Start of Records
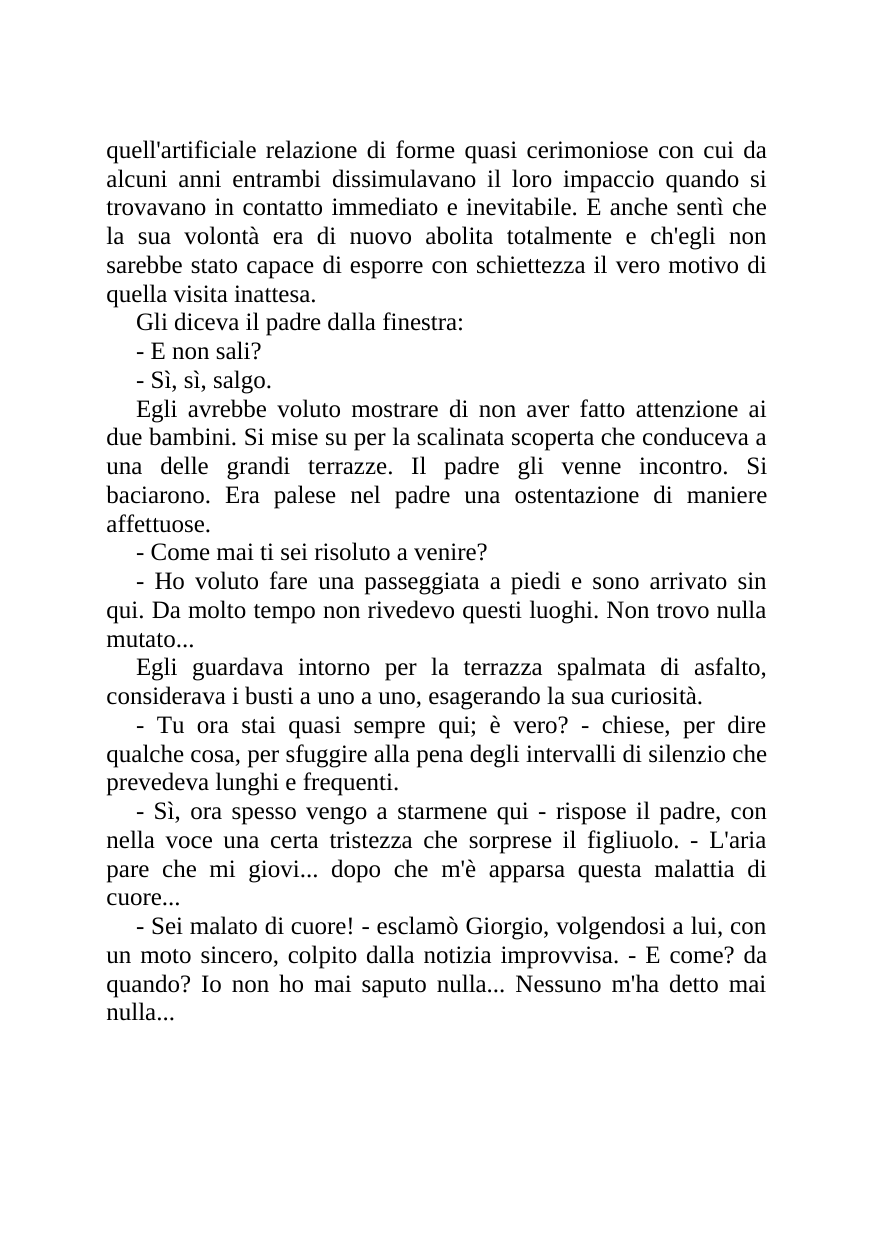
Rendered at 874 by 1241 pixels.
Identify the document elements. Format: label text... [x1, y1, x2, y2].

text - Tu ora stai quasi sempre qui; è vero? - chiese, per dire qualche cosa, per sfuggire alla pena degli intervalli di silenzio che prevedeva lunghi e frequenti. [106, 710, 768, 796]
text - E non sali? [106, 336, 768, 365]
text - Sì, sì, salgo. [106, 365, 768, 394]
text Egli avrebbe voluto mostrare di non aver fatto attenzione ai due bambini. Si mise su per la scalinata scoperta che conduceva a una delle grandi terrazze. Il padre gli venne incontro. Si baciarono. Era palese nel padre una ostentazione di maniere affettuose. [106, 394, 768, 537]
text - Sei malato di cuore! - esclamò Giorgio, volgendosi a lui, con un moto sincero, colpito dalla notizia improvvisa. - E come? da quando? Io non ho mai saputo nulla... Nessuno m'ha detto mai nulla... [106, 911, 768, 1026]
text Egli guardava intorno per la terrazza spalmata di asfalto, considerava i busti a uno a uno, esagerando la sua curiosità. [106, 652, 768, 710]
text quell'artificiale relazione di forme quasi cerimoniose con cui da alcuni anni entrambi dissimulavano il loro impaccio quando si trovavano in contatto immediato e inevitabile. E anche sentì che la sua volontà era di nuovo abolita totalmente e ch'egli non sarebbe stato capace di esporre con schiettezza il vero motivo di quella visita inattesa. [106, 135, 768, 307]
text - Ho voluto fare una passeggiata a piedi e sono arrivato sin qui. Da molto tempo non rivedevo questi luoghi. Non trovo nulla mutato... [106, 566, 768, 652]
text - Come mai ti sei risoluto a venire? [106, 537, 768, 566]
text - Sì, ora spesso vengo a starmene qui - rispose il padre, con nella voce una certa tristezza che sorprese il figliuolo. - L'aria pare che mi giovi... dopo che m'è apparsa questa malattia di cuore... [106, 796, 768, 911]
text Gli diceva il padre dalla finestra: [106, 307, 768, 336]
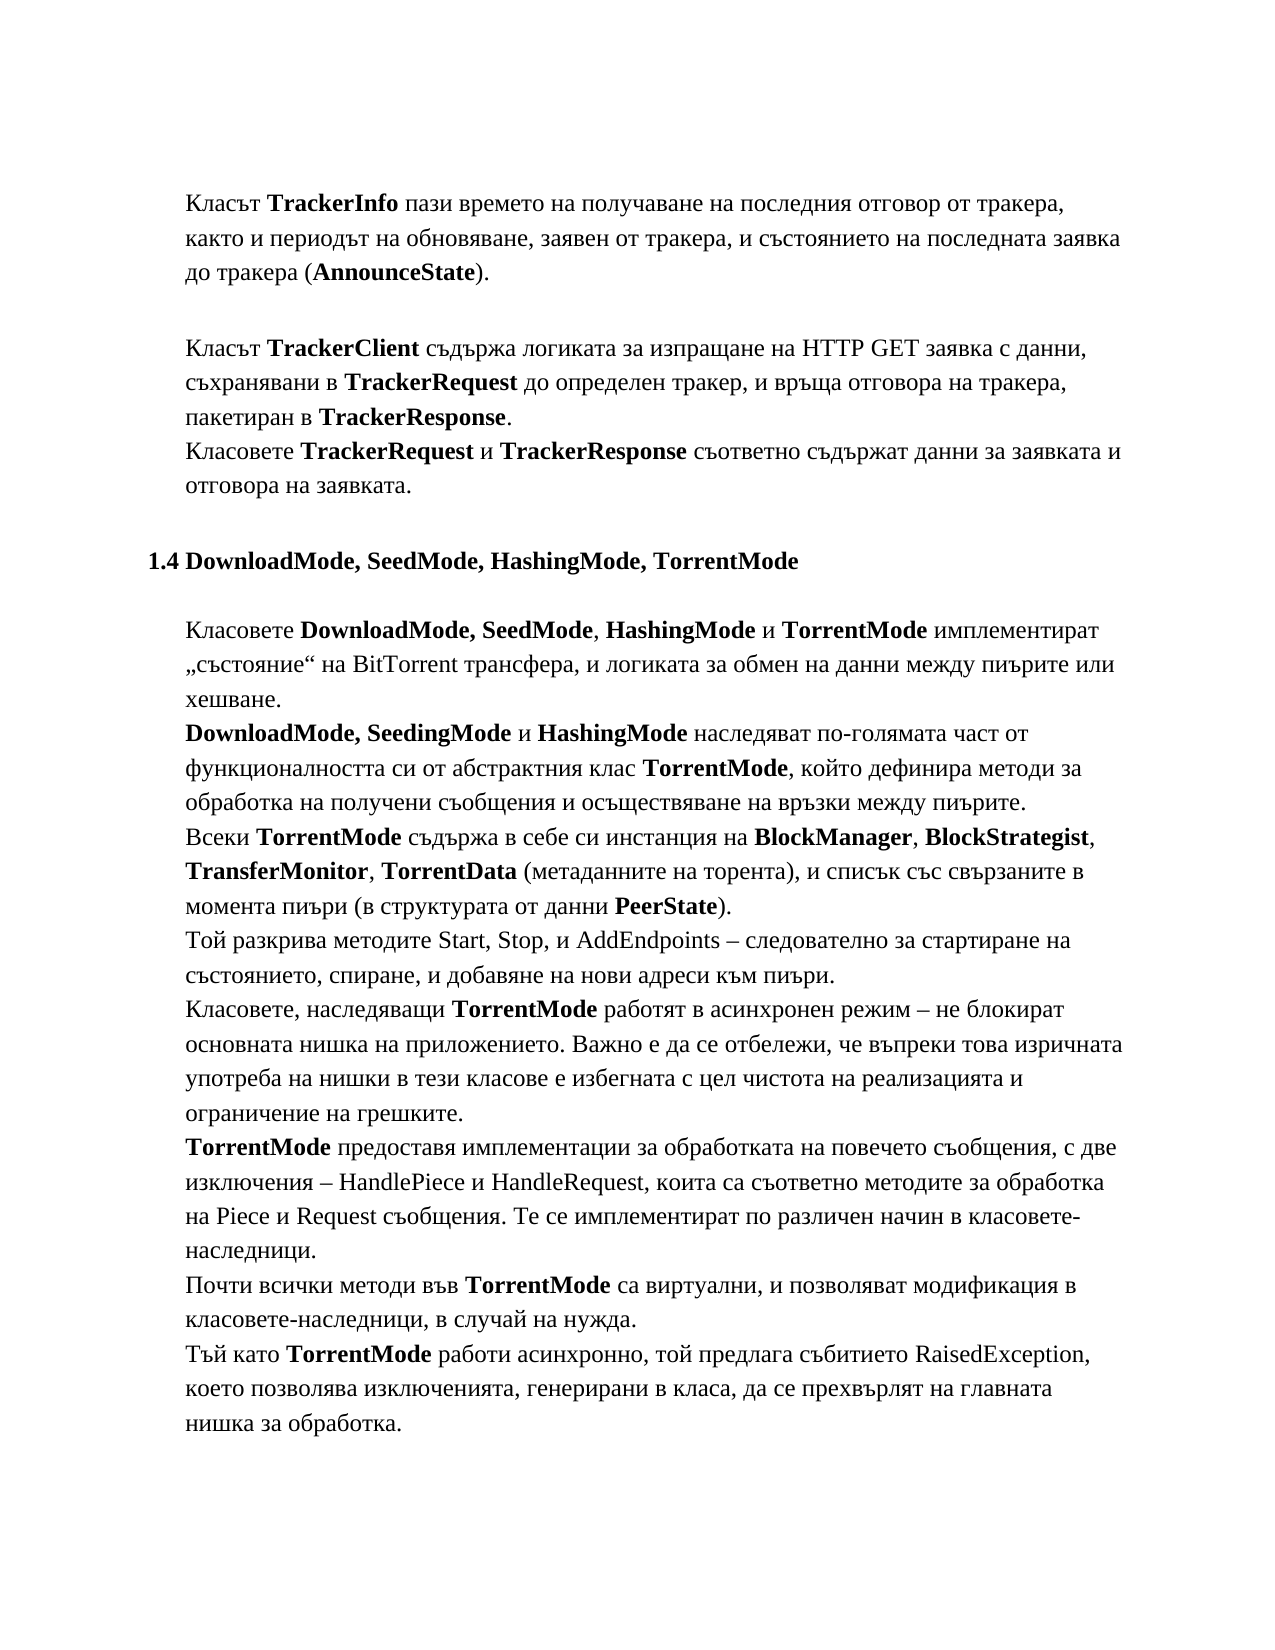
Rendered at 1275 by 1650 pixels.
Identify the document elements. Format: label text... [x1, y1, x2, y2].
End of Records
### Required action
Note down each line above where the word "pixels" occurs.

### Answer
Rendered at 874 by 1241 pixels.
Rendered at 1275 by 1650 pixels.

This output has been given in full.